Can we pull people up? Yes but it will probably take many years before we see it happen on a larger mainstream scale. But it’s starting to happen which is very exciting. Clearly most spam comments isn’t even real humans but just Bot accounts. But when we see a human spend real Time and Attention creating value then we truly want to reward that since it has real value!

I actually saw an example of this on a comment chain. There was a person who made a bot that had a format of: emojis and two phrases telling the poster that they made a great post. However, he messed up somewhere and the emojis became numbers and signs instead which led him to be called out.

He actually replied, stating that he was unsure of how steemit worked and how he could get content out that would attract a lot of likes. He decided instead to flood posts with as many of these generic posts as possible and even had a separate account to like them. The poster decided to say that he could post about programming and his interests and eventually like-minded people will come and his standing would be in a much better position.

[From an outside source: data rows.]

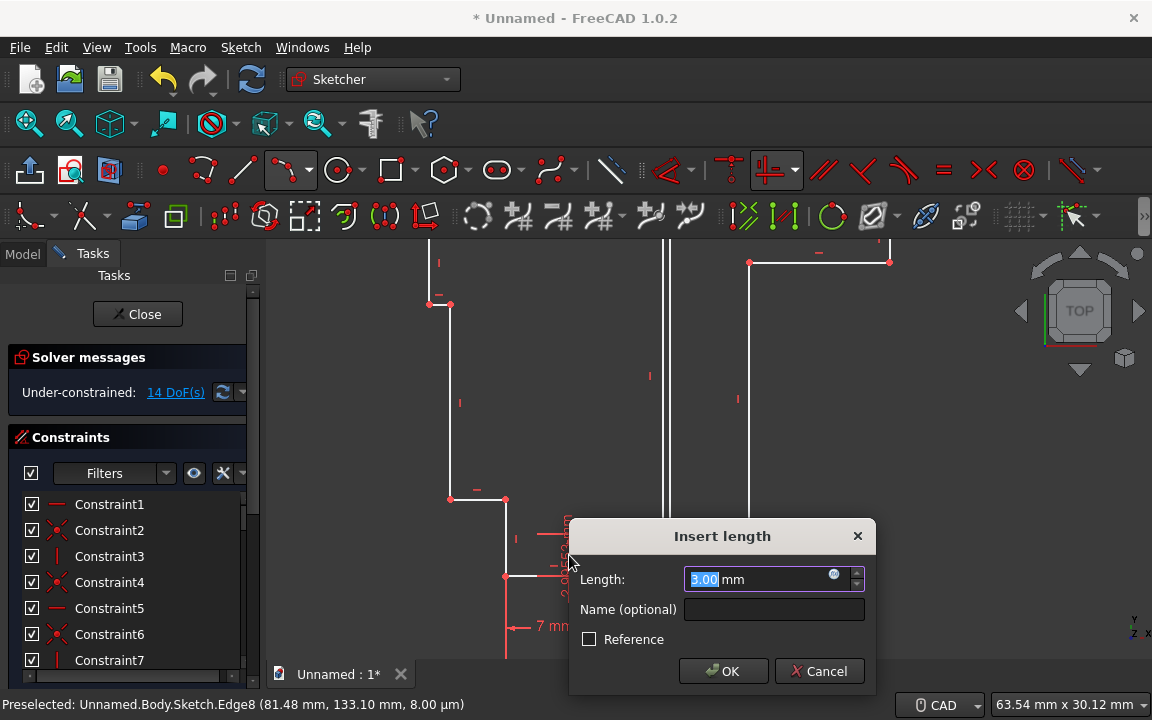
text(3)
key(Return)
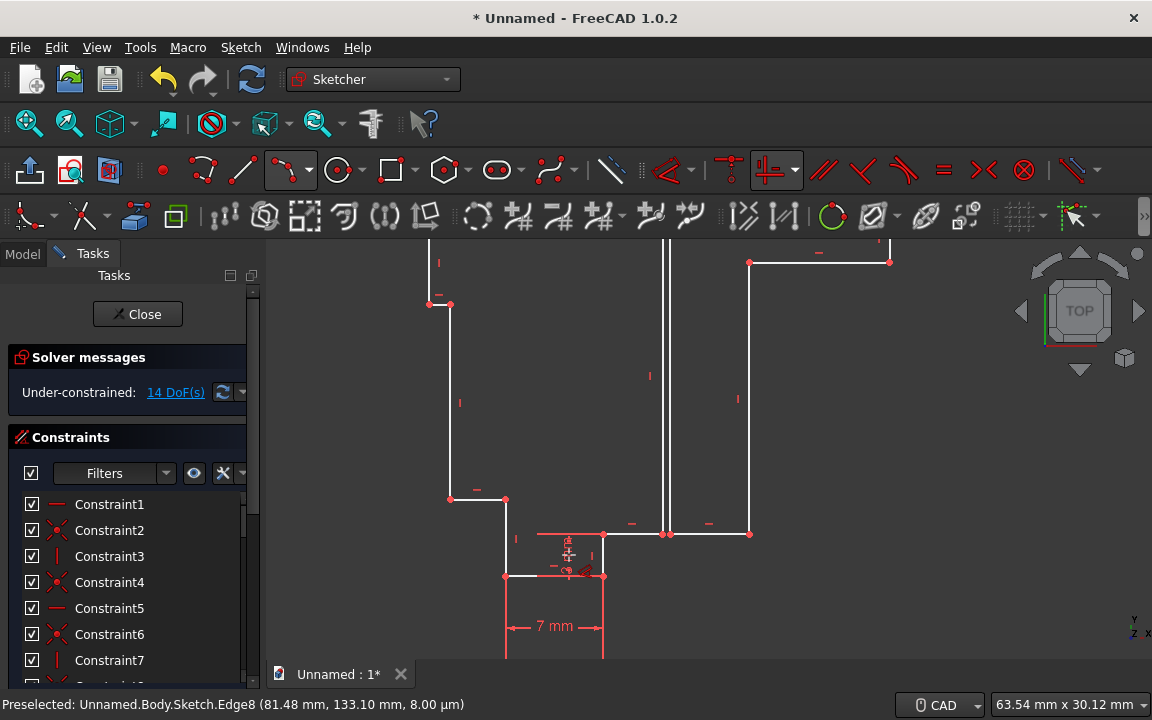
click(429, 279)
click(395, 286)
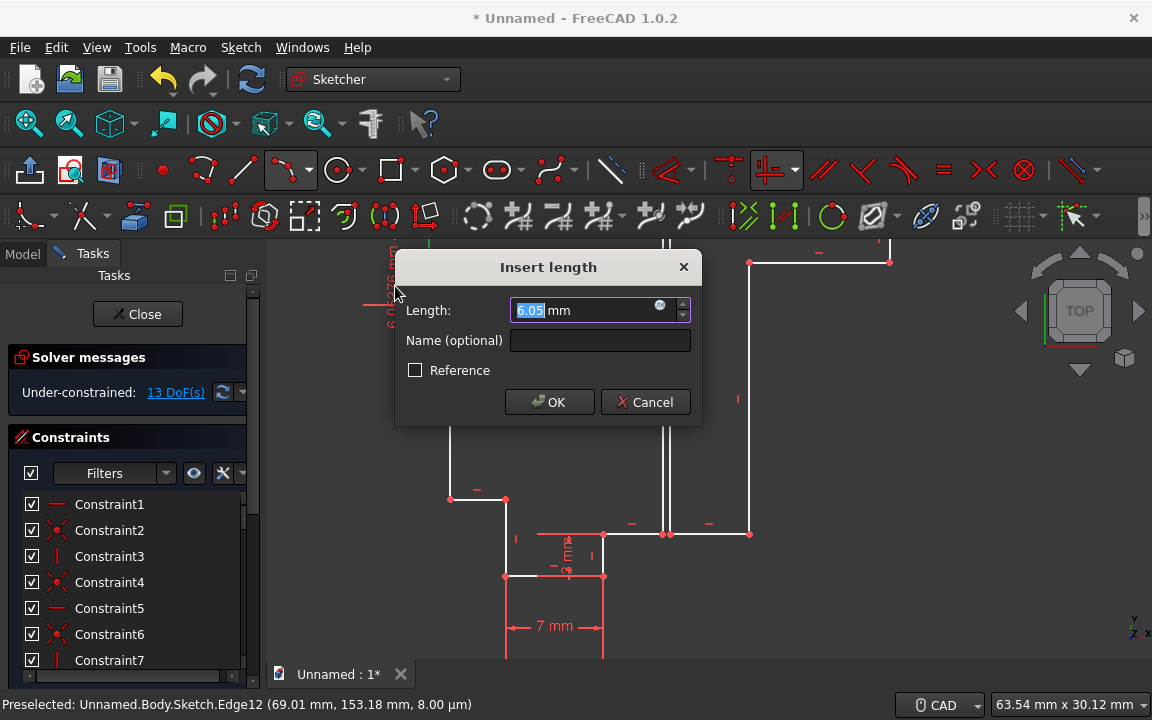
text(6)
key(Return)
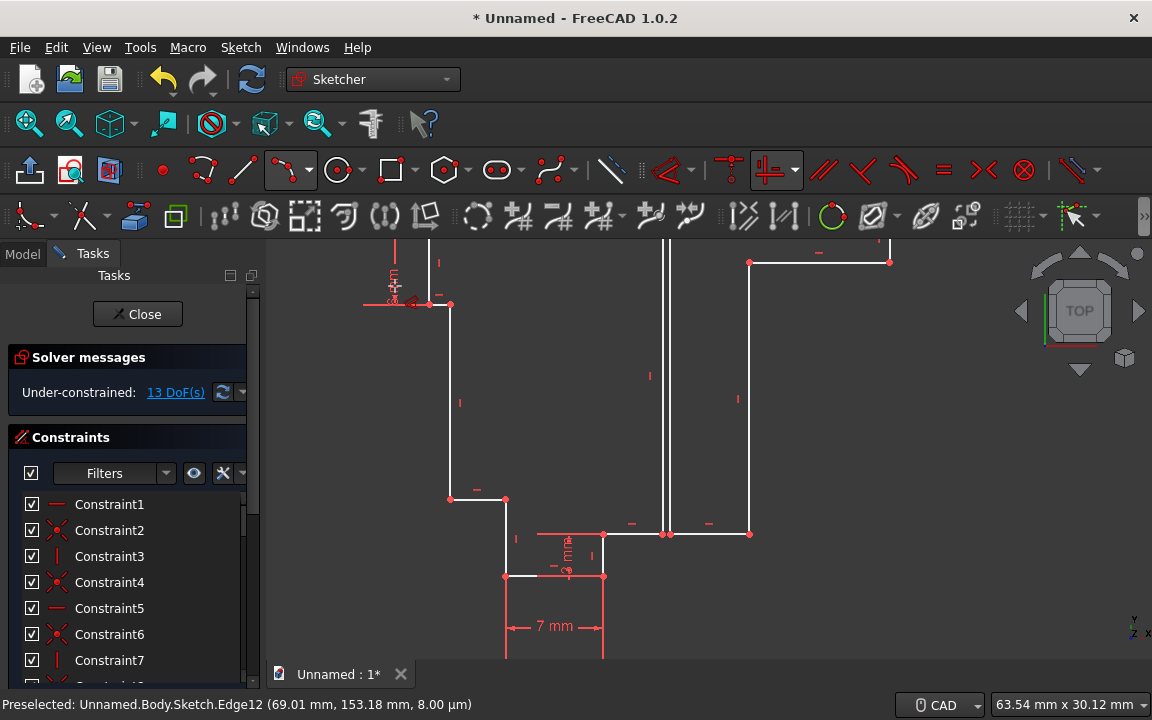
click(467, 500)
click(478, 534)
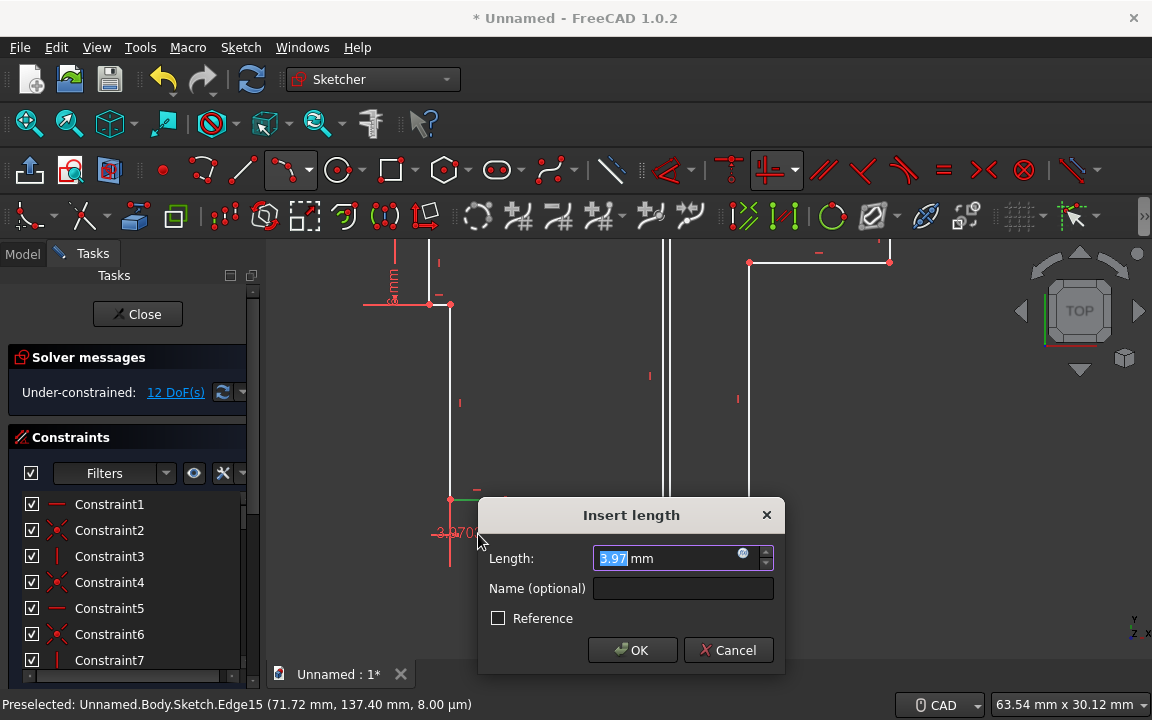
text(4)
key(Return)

I believe if we could at least find a way to introduce a PSA upon a new signup, one that tells people that it's ok and expected to have a hard time gaining worthwhile earnings without a previous audience because organic growth doesn't come early because most of the high profile accounts I've seen have been here for a couple of months and most of the bots and users who spam have only been here for a few weeks.

Great comment. Also think it would be good to implement some tutorial for how to write proper engaging comments. Something that is above the 1-2 line comments that adds 0 value. People are not fully aware of how much value that could be gained with proper comments.

I’m really hyped about the new Communities feature that they will launch in the future that will make it easier to connect with like minded people and reward content easier in the same specific niche. Since everyone then could feed faster on each others energy!

Would say it’s not that hard to start earning on Steemit if you connect with others. But people get used to new levels of abundance fast and wonder what’s next.

But earnings while connecting with others every time someone rewards you the likelihood that they will do it again increases. If you keep add value that will say. Until it becomes a automated habit.